D. Motions to Stay Execution
In connection with his motion to obtain Rule 60(b) relief, Edwards has filed an original and amended application to stay his execution (Stay App., doc. 87; Am. Stay App., doc. 88). This Court's jurisdiction to grant these motions relies upon jurisdiction to consider the motion to obtain Rule 60(b) relief. Because this Court lacks jurisdiction over the motion for Rule 60(b) relief, it lacks jurisdiction to rule on these motions as well. See Hawkins v. Stephens, No. 2:14-CV-314, 2015 WL 3882422, at *1 (S.D. Tex. June 17, 2015) (Ramos, J.), appeal dismissed (5th Cir. Feb. 29, 2016) (citing United States v. Key, 205 F.3d 773, 775 (5th Cir. 2000); In re Sepulvado, 707 F.3d at 552. It is in the interest of justice to transfer these motions to the Court of Appeals as well.
* * *
Edwards' motion for relief under Rule 60(b) (doc. 83) is a successive application for habeas relief and is TRANSFERRED to the United States Court of Appeals for the Fifth Circuit along with the original and amended applications to stay his execution (doc. 87, 88) See Henderson v. Haro, 282 F.3d 862, 864 (5th Cir. 2002).
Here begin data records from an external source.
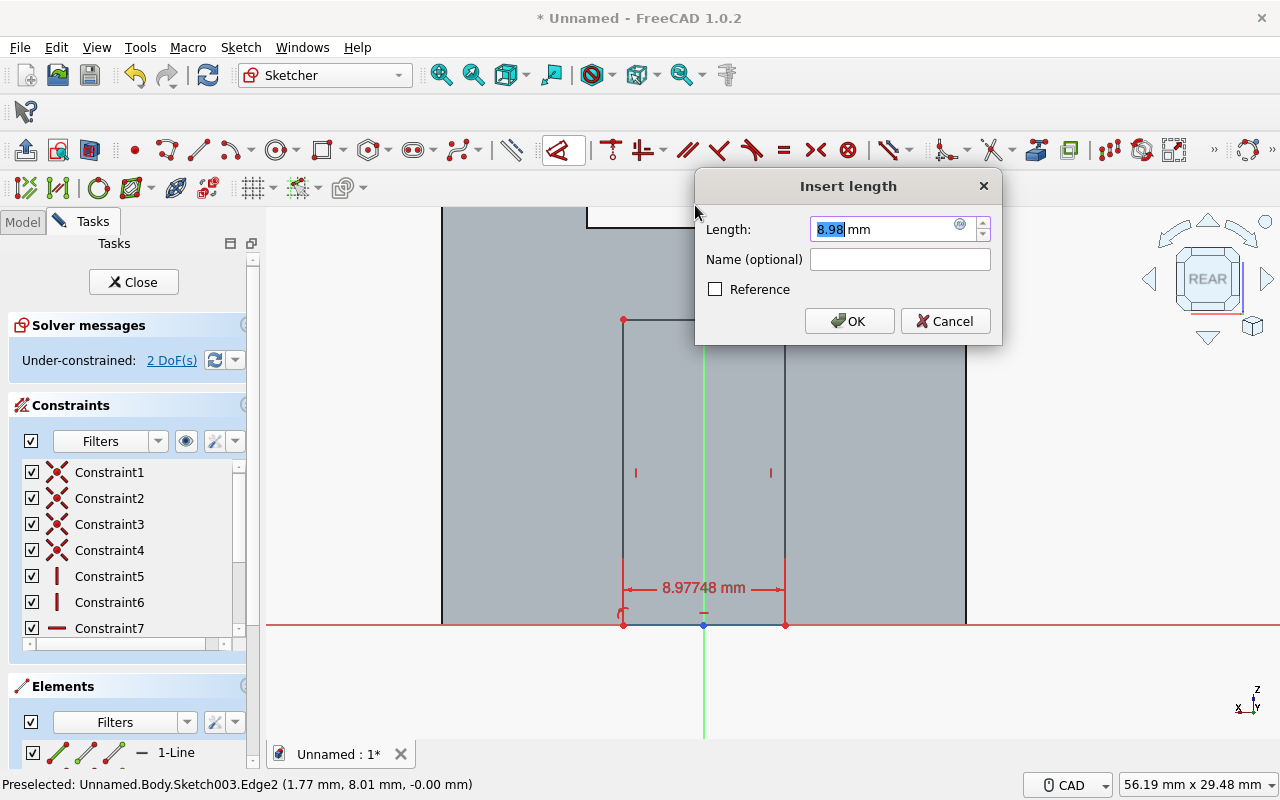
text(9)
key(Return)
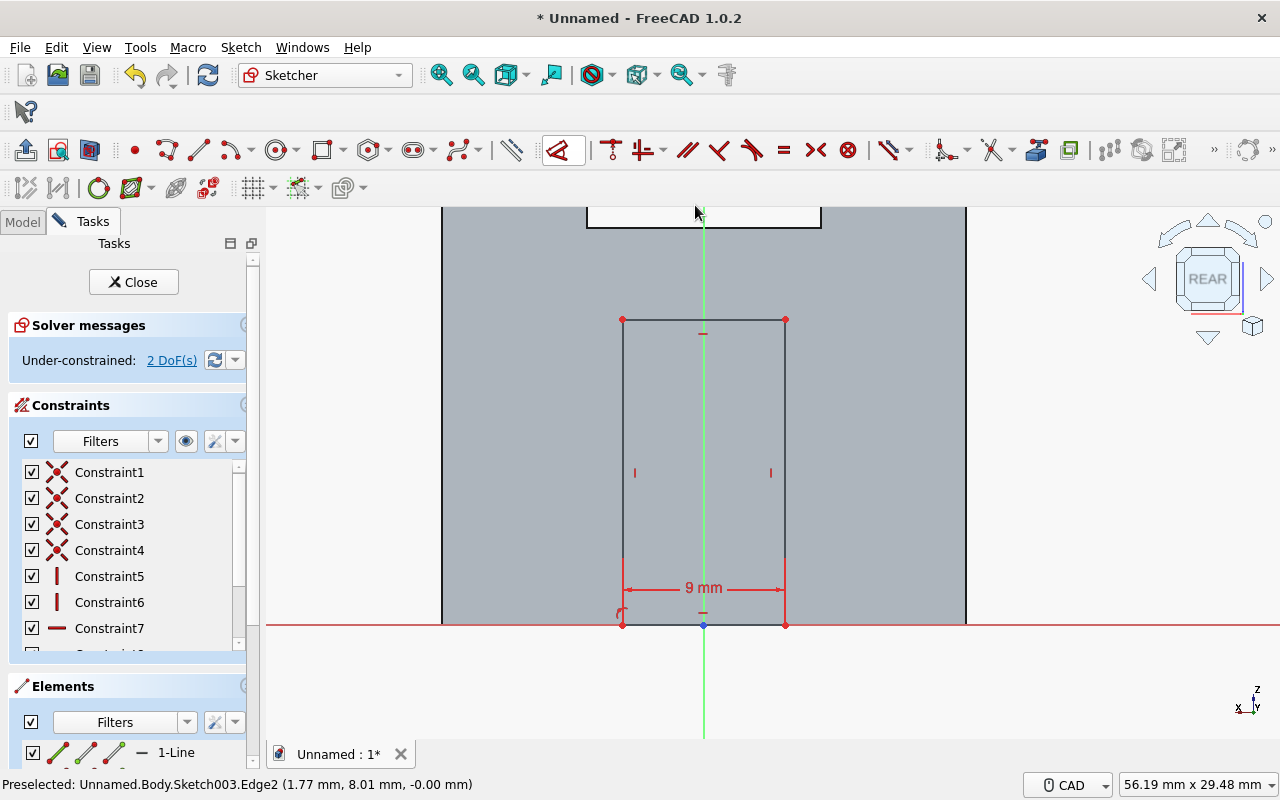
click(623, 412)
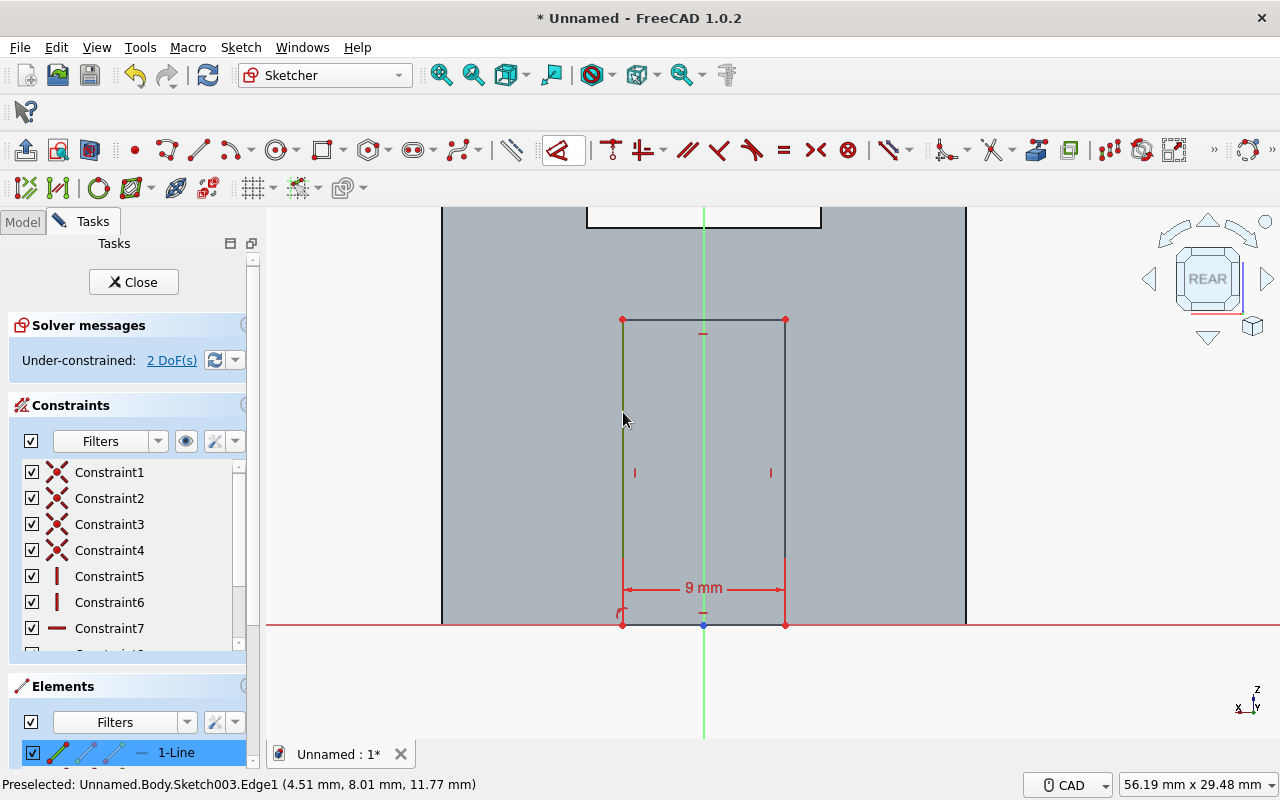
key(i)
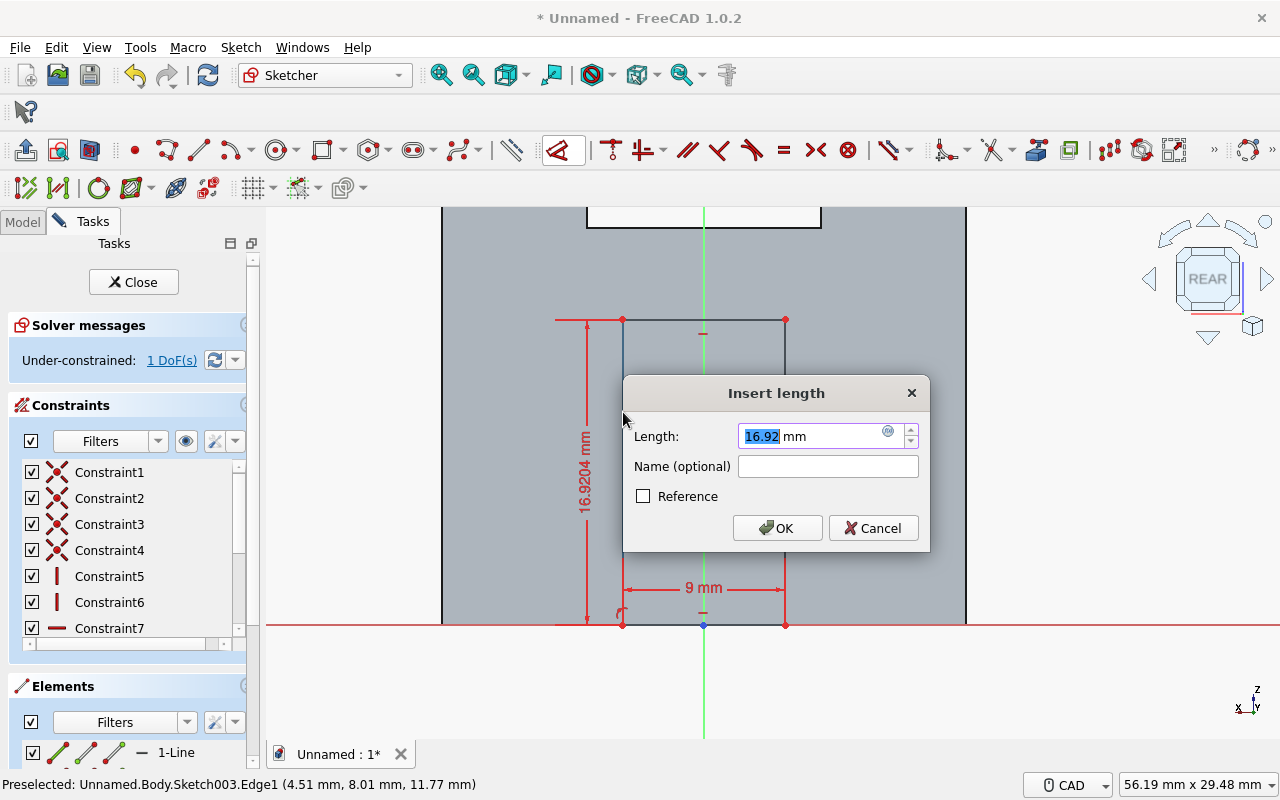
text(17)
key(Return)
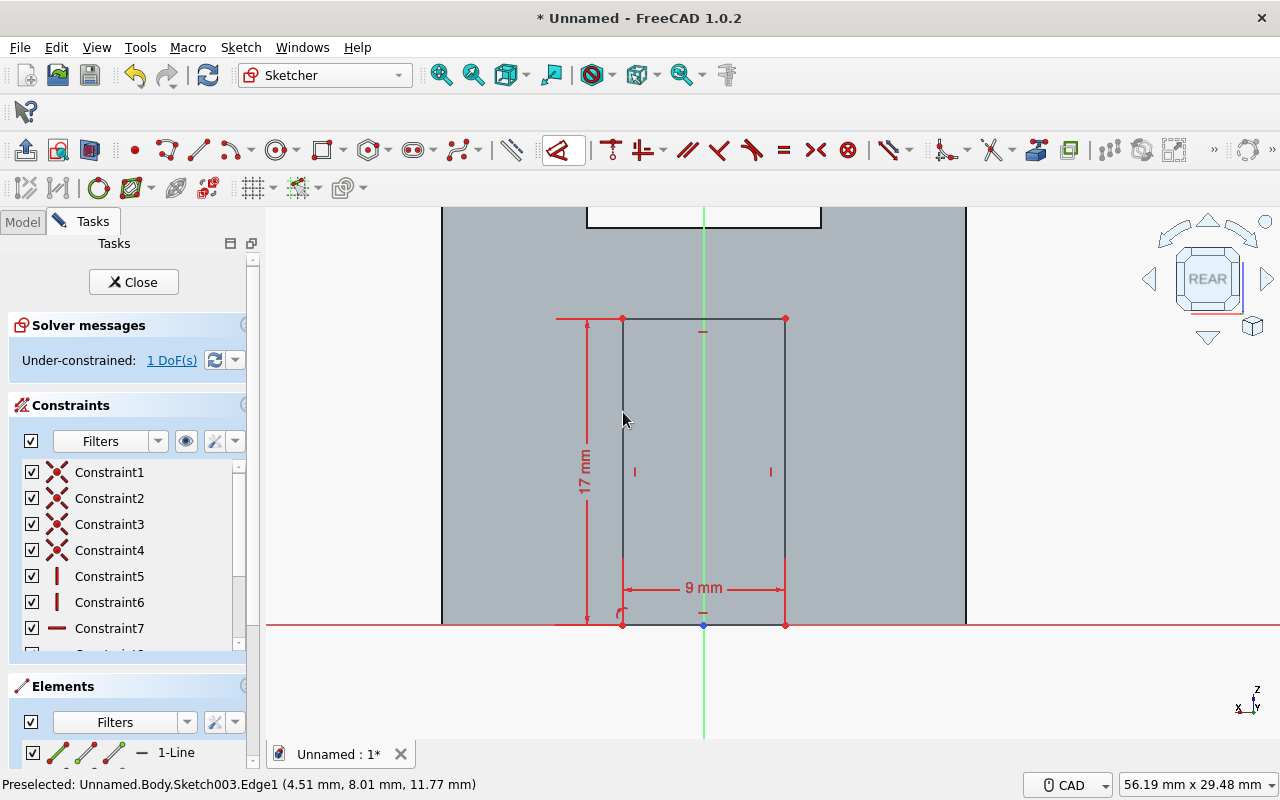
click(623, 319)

The Clerk of Court is DIRECTED to open for statistical purposes a new civil action (nature of suit 535 - death penalty habeas corpus - assigned to the same district judge) and to close the same on the basis of this Order.
Considering the record in this case and pursuant to Federal Rule of Appellate Procedure 22(b), Rule 11(a) of the Rules Governing §§ 2254 and 2255 proceedings, and 28 U.S.C. § 2253(c), the Court GRANTS a certificate of appealability on the question of whether the effective abandonment of Petitioner by his federally appointed habeas counsel constitutes a defect in the integrity of the original habeas proceedings that may authorize Rule 60(b) relief in this Court. Reasonable jurists would find it "debatable whether [this Court] was correct in its procedural ruling." Slack v. McDaniel, 529 U.S. 473, 484 (2000). Petitioner has previously been allowed to proceed in forma pauperis and this status is continued for purposes of appeal. (Mem. Op. and Order, doc. 22, at 29.)
SO ORDERED this 19 day of January, 2017.